When we were a child back in the Cretaceous, our parents used to sneak us into revivals of the Sean Connery Bond flicks while disdaining the Roger Moore editions that were showing at the time. Spectre reminds us of the Connery movies, minus the fashionable lechery of the time, which is alluded to when a white cat jumps onto Craig’s knees and he says, “Pussy”. Moviegoers expecting the nonstop kinetics of the Bourne-Mission Impossible school will be disappointed—director Sam Mendes likes the movie to breathe between the action scenes, though at nearly two and a half hours that’s too much breathing time. Also, Mendes is so respectful of human life that whenever Bond kills a bad guy we’re not allowed to cheer. We’re supposed to feel guilty. Ayyy political correctness.
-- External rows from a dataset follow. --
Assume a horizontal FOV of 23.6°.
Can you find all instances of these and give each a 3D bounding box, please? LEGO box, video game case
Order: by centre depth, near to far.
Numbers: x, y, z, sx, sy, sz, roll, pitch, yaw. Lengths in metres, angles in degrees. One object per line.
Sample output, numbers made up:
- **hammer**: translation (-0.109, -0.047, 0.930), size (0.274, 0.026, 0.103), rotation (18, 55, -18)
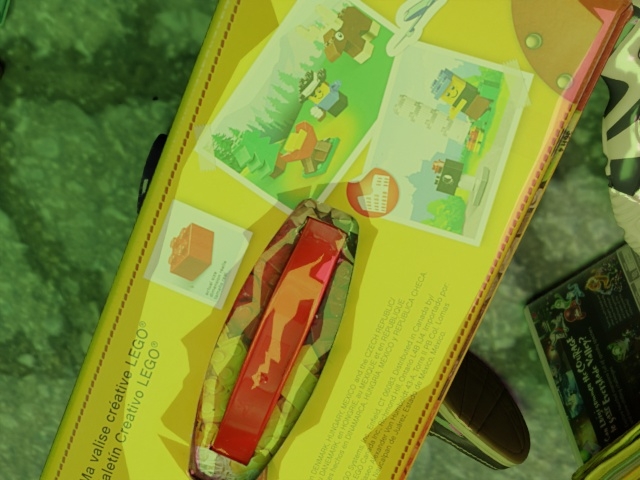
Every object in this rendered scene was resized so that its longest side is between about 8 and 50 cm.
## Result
- **LEGO box**: translation (0.000, 0.000, 0.977), size (0.193, 0.372, 0.500), rotation (23, 111, 0)
- **video game case**: translation (0.254, 0.092, 1.177), size (0.173, 0.190, 0.022), rotation (-35, 144, 28)

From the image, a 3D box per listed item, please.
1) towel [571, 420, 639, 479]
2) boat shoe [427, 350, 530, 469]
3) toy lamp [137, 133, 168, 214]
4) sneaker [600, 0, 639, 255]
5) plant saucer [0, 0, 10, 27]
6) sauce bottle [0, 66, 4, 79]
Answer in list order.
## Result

Written by Penny Dreadful showrunner John Logan and others, Spectre is about the impending obsolescence of the Double-00 intelligence program in favour of surveillance technology. The new head of MI6 is played by Andrew Scott a.k.a. Moriarty on BBC’s Sherlock, so the mere casting is a spoiler. Ralph Fiennes returns as M (the new Judi), Naomie Harris as Ms Moneypenny (Give her a spinoff), Ben Whishaw as Q, and Rory Kinnear (Frankenstein’s Monster in Penny Dreadful) as another guy whose name we didn’t catch. Fiennes, Whishaw and Kinnear are three of the finest Shakespearean actors of the day (See Whishaw and Kinnear in The Hollow Crown as Richard II and the future Henry IV), so maybe Daniel Craig should consider that as Bond he gets to be supported by these wonderful actors who are probably happy to have the parts. Also, what is the point of casting Monica Bellucci if she gets just five minutes of screen time? The snows of Altausee get more screen time (We’ve actually been to Altausee, obviously not skiing, en route to the picturesque town of Gmunden to see the toilet museum).
Christoph Waltz, also with a very good tailor, is the arch-villain who turns out to be another classic Bond villain. With a white cat, so you know who the arch-villain’s boss is.